═════ Material shown ═════

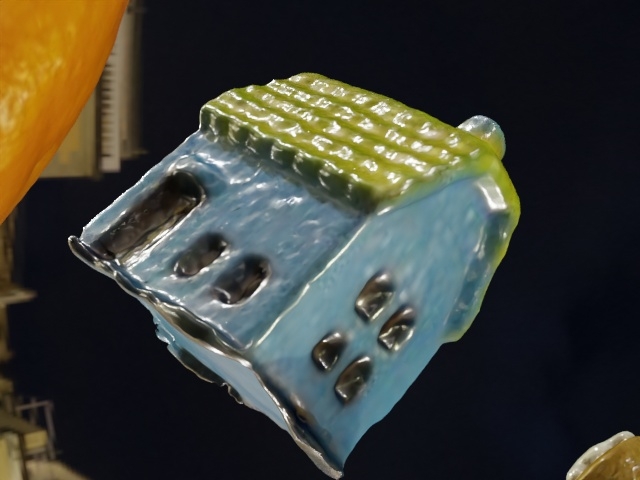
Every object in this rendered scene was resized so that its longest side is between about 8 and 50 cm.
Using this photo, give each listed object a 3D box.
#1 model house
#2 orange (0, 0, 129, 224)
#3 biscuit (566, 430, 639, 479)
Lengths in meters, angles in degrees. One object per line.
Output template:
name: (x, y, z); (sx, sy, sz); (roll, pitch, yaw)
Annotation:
model house: (0.000, 0.000, 1.011); (0.303, 0.215, 0.237); (-44, -135, -17)
orange: (-0.192, -0.106, 0.368); (0.284, 0.284, 0.226); (58, -16, 20)
biscuit: (0.107, 0.194, 0.652); (0.035, 0.158, 0.240); (44, -27, 30)
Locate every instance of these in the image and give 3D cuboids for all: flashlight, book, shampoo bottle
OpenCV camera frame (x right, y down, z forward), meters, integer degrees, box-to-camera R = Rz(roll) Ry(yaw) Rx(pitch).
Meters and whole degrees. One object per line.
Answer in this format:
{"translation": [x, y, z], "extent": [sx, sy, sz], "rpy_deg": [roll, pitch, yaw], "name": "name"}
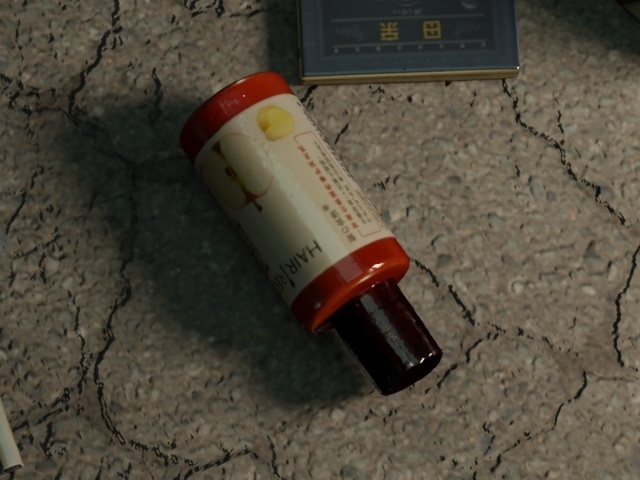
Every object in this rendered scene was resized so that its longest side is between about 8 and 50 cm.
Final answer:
{"translation": [-0.262, 0.147, 1.607], "extent": [0.018, 0.018, 0.083], "rpy_deg": [-21, 73, -5], "name": "flashlight"}
{"translation": [0.070, -0.265, 1.732], "extent": [0.190, 0.025, 0.269], "rpy_deg": [-2, 72, -1], "name": "book"}
{"translation": [0.000, 0.000, 1.608], "extent": [0.104, 0.104, 0.278], "rpy_deg": [-32, 75, -9], "name": "shampoo bottle"}

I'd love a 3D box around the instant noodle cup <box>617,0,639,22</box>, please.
{"translation": [0.342, -0.293, 1.645], "extent": [0.178, 0.235, 0.235], "rpy_deg": [-39, 76, -20], "name": "instant noodle cup"}
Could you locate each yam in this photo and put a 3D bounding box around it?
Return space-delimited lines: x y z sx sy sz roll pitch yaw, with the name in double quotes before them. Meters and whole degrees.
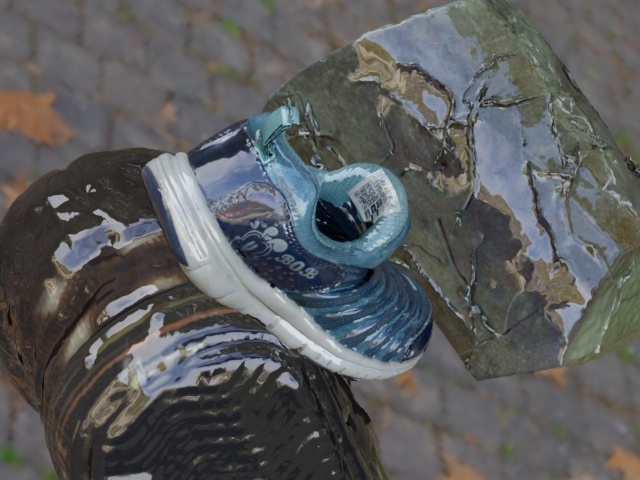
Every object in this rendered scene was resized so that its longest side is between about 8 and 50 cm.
"yam" 0.123 -0.031 1.351 0.202 0.201 0.271 -19 78 -42

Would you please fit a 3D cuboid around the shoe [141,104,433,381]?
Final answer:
"shoe" 0.000 0.000 0.686 0.143 0.071 0.064 38 22 -44

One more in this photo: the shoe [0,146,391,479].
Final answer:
"shoe" -0.050 0.127 1.035 0.384 0.171 0.237 63 -3 -40
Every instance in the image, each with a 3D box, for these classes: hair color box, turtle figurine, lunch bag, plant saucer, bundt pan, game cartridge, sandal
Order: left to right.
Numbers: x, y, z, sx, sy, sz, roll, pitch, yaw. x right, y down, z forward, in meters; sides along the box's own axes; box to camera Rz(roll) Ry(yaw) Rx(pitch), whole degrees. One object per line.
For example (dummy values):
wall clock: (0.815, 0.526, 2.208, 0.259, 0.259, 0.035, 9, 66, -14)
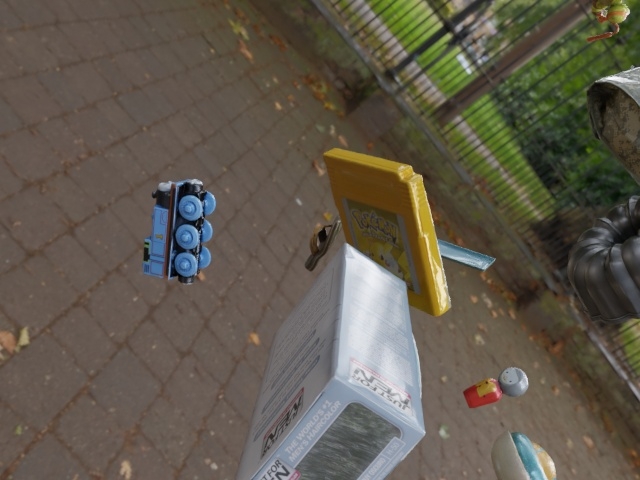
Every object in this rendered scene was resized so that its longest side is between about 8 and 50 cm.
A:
sandal: (0.000, 0.000, 1.871, 0.060, 0.219, 0.090, 34, 51, -2)
hair color box: (0.015, 0.161, 0.878, 0.113, 0.185, 0.374, 34, 18, -8)
game cartridge: (0.133, -0.022, 1.524, 0.285, 0.052, 0.324, 22, -43, 53)
plant saucer: (0.402, 0.045, 2.094, 0.067, 0.192, 0.018, -36, 133, -39)
turtle figurine: (0.578, -0.518, 1.444, 0.269, 0.087, 0.218, 131, -41, -84)
bundt pan: (0.635, 0.011, 1.453, 0.124, 0.330, 0.331, 50, 17, -8)
lunch bag: (0.806, -0.300, 1.797, 0.235, 0.169, 0.287, -21, 67, -34)

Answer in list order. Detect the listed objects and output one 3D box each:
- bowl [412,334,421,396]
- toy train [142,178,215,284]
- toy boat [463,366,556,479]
bowl: (0.100, 0.309, 1.610, 0.311, 0.163, 0.312, -8, 90, -67)
toy train: (-0.242, -0.017, 1.235, 0.105, 0.184, 0.080, 11, 15, 14)
toy boat: (0.447, 0.454, 1.641, 0.267, 0.148, 0.318, 36, 32, -74)
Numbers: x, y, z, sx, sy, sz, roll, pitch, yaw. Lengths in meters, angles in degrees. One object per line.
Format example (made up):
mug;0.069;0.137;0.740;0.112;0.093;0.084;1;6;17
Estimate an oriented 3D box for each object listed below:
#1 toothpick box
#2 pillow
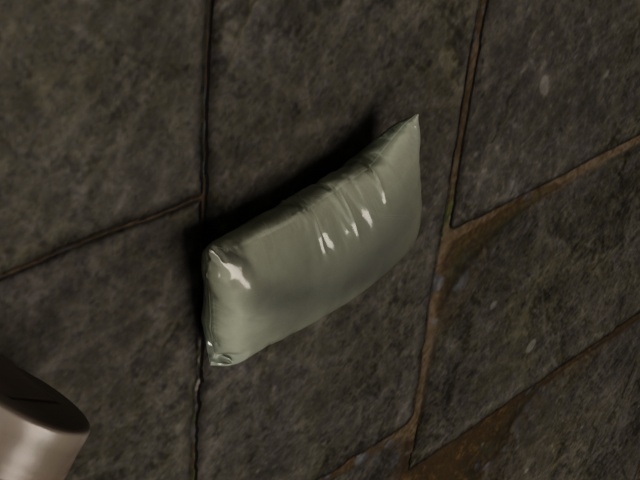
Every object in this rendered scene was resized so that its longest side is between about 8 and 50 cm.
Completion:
toothpick box;-0.247;0.176;0.840;0.181;0.111;0.111;-59;146;2
pillow;0.000;-0.001;1.042;0.254;0.078;0.144;-33;138;-32
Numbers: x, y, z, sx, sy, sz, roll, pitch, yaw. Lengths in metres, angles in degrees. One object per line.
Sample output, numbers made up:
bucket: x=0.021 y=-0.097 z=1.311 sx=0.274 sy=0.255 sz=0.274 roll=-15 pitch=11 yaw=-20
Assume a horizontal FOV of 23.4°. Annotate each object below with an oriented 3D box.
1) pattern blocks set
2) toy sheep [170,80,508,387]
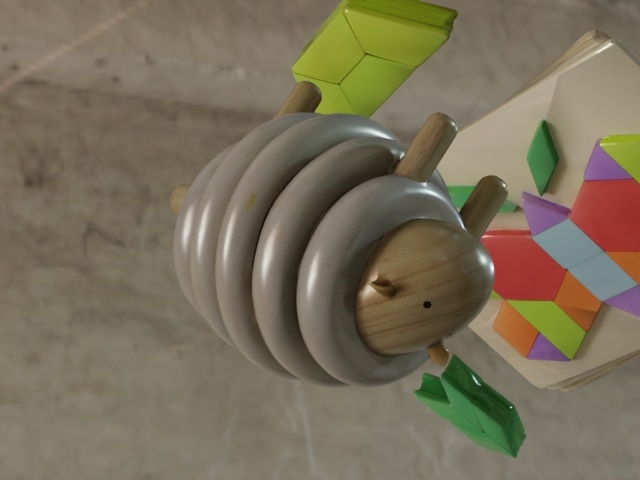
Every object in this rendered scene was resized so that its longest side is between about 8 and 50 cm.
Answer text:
pattern blocks set: x=0.113 y=-0.003 z=0.653 sx=0.285 sy=0.026 sz=0.325 roll=31 pitch=-40 yaw=-5
toy sheep: x=0.000 y=0.000 z=0.473 sx=0.091 sy=0.091 sz=0.132 roll=31 pitch=-10 yaw=-41
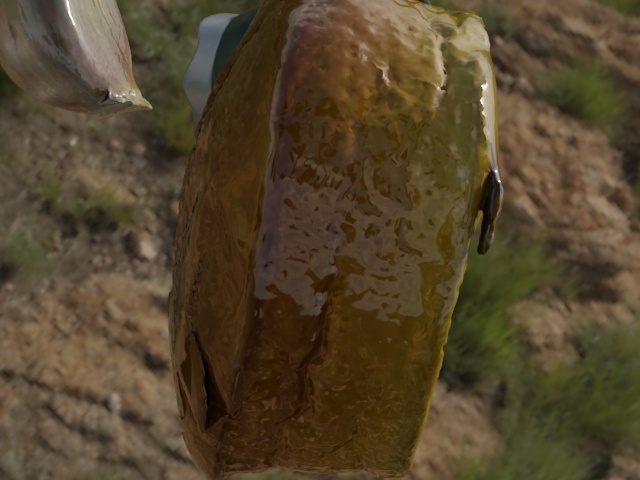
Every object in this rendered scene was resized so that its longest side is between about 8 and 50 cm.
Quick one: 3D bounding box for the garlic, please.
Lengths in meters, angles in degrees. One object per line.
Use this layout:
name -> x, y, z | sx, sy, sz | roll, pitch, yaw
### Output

═════

### Exercise description
Each record above should be retyped exactly, with no pictures carried over.

### The answer
Every object in this rendered scene was resized so that its longest side is between about 8 and 50 cm.
Using this photo, give each listed object a 3D box.
#1 model house
#2 orange (0, 0, 129, 224)
#3 biscuit (566, 430, 639, 479)
Lengths in meters, angles in degrees. One object per line.
Output template:
name: (x, y, z); (sx, sy, sz); (roll, pitch, yaw)
Annotation:
model house: (0.000, 0.000, 1.011); (0.303, 0.215, 0.237); (-44, -135, -17)
orange: (-0.192, -0.106, 0.368); (0.284, 0.284, 0.226); (58, -16, 20)
biscuit: (0.107, 0.194, 0.652); (0.035, 0.158, 0.240); (44, -27, 30)
Locate every instance of these in the image and give 3D cuboids for all: flashlight, book, shampoo bottle
OpenCV camera frame (x right, y down, z forward), meters, integer degrees, box-to-camera R = Rz(roll) Ry(yaw) Rx(pitch).
Meters and whole degrees. One object per line.
Answer in this format:
{"translation": [x, y, z], "extent": [sx, sy, sz], "rpy_deg": [roll, pitch, yaw], "name": "name"}
Every object in this rendered scene was resized so that its longest side is between about 8 and 50 cm.
Final answer:
{"translation": [-0.262, 0.147, 1.607], "extent": [0.018, 0.018, 0.083], "rpy_deg": [-21, 73, -5], "name": "flashlight"}
{"translation": [0.070, -0.265, 1.732], "extent": [0.190, 0.025, 0.269], "rpy_deg": [-2, 72, -1], "name": "book"}
{"translation": [0.000, 0.000, 1.608], "extent": [0.104, 0.104, 0.278], "rpy_deg": [-32, 75, -9], "name": "shampoo bottle"}

I'd love a 3D box around the instant noodle cup <box>617,0,639,22</box>, please.
{"translation": [0.342, -0.293, 1.645], "extent": [0.178, 0.235, 0.235], "rpy_deg": [-39, 76, -20], "name": "instant noodle cup"}
Could you locate each yam in this photo and put a 3D bounding box around it?
Return space-delimited lines: x y z sx sy sz roll pitch yaw, with the name in double quotes before them. Meters and whole degrees.
Every object in this rendered scene was resized so that its longest side is between about 8 and 50 cm.
"yam" 0.123 -0.031 1.351 0.202 0.201 0.271 -19 78 -42

Would you please fit a 3D cuboid around the shoe [141,104,433,381]?
Final answer:
"shoe" 0.000 0.000 0.686 0.143 0.071 0.064 38 22 -44

One more in this photo: the shoe [0,146,391,479].
Final answer:
"shoe" -0.050 0.127 1.035 0.384 0.171 0.237 63 -3 -40
Every instance in the image, each with a 3D box, for these classes: hair color box, turtle figurine, lunch bag, plant saucer, bundt pan, game cartridge, sandal
Order: left to right.
Numbers: x, y, z, sx, sy, sz, roll, pitch, yaw. x right, y down, z forward, in meters; sides along the box's own axes; box to camera Rz(roll) Ry(yaw) Rx(pitch), whole degrees. One object per line.
For example (dummy values):
wall clock: (0.815, 0.526, 2.208, 0.259, 0.259, 0.035, 9, 66, -14)
Every object in this rendered scene was resized so that its longest side is between about 8 and 50 cm.
A:
sandal: (0.000, 0.000, 1.871, 0.060, 0.219, 0.090, 34, 51, -2)
hair color box: (0.015, 0.161, 0.878, 0.113, 0.185, 0.374, 34, 18, -8)
game cartridge: (0.133, -0.022, 1.524, 0.285, 0.052, 0.324, 22, -43, 53)
plant saucer: (0.402, 0.045, 2.094, 0.067, 0.192, 0.018, -36, 133, -39)
turtle figurine: (0.578, -0.518, 1.444, 0.269, 0.087, 0.218, 131, -41, -84)
bundt pan: (0.635, 0.011, 1.453, 0.124, 0.330, 0.331, 50, 17, -8)
lunch bag: (0.806, -0.300, 1.797, 0.235, 0.169, 0.287, -21, 67, -34)

Answer in list order. Detect the listed objects and output one 3D box each:
- bowl [412,334,421,396]
- toy train [142,178,215,284]
- toy boat [463,366,556,479]
bowl: (0.100, 0.309, 1.610, 0.311, 0.163, 0.312, -8, 90, -67)
toy train: (-0.242, -0.017, 1.235, 0.105, 0.184, 0.080, 11, 15, 14)
toy boat: (0.447, 0.454, 1.641, 0.267, 0.148, 0.318, 36, 32, -74)
Numbers: x, y, z, sx, sy, sz, roll, pitch, yaw. Lengths in meters, angles in degrees. One object per line.
Format example (made up):
mug;0.069;0.137;0.740;0.112;0.093;0.084;1;6;17
Estimate an oriented 3D box for each object listed below:
#1 toothpick box
#2 pillow
Every object in this rendered scene was resized so that its longest side is between about 8 and 50 cm.
Completion:
toothpick box;-0.247;0.176;0.840;0.181;0.111;0.111;-59;146;2
pillow;0.000;-0.001;1.042;0.254;0.078;0.144;-33;138;-32
Numbers: x, y, z, sx, sy, sz, roll, pitch, yaw. Lengths in metres, angles in degrees. One object per line.
Sample output, numbers made up:
bucket: x=0.021 y=-0.097 z=1.311 sx=0.274 sy=0.255 sz=0.274 roll=-15 pitch=11 yaw=-20
Assume a horizontal FOV of 23.4°. Annotate each object below with an oriented 3D box.
1) pattern blocks set
2) toy sheep [170,80,508,387]
Every object in this rendered scene was resized so that its longest side is between about 8 and 50 cm.
Answer text:
pattern blocks set: x=0.113 y=-0.003 z=0.653 sx=0.285 sy=0.026 sz=0.325 roll=31 pitch=-40 yaw=-5
toy sheep: x=0.000 y=0.000 z=0.473 sx=0.091 sy=0.091 sz=0.132 roll=31 pitch=-10 yaw=-41
Every object in this rendered scene was resized so that its longest side is between about 8 and 50 cm.
Quick one: 3D bounding box for the garlic, please.
Lengths in meters, angles in degrees. One object per line.
Use this layout:
name -> x, y, z | sx, sy, sz | roll, pitch, yaw
### Output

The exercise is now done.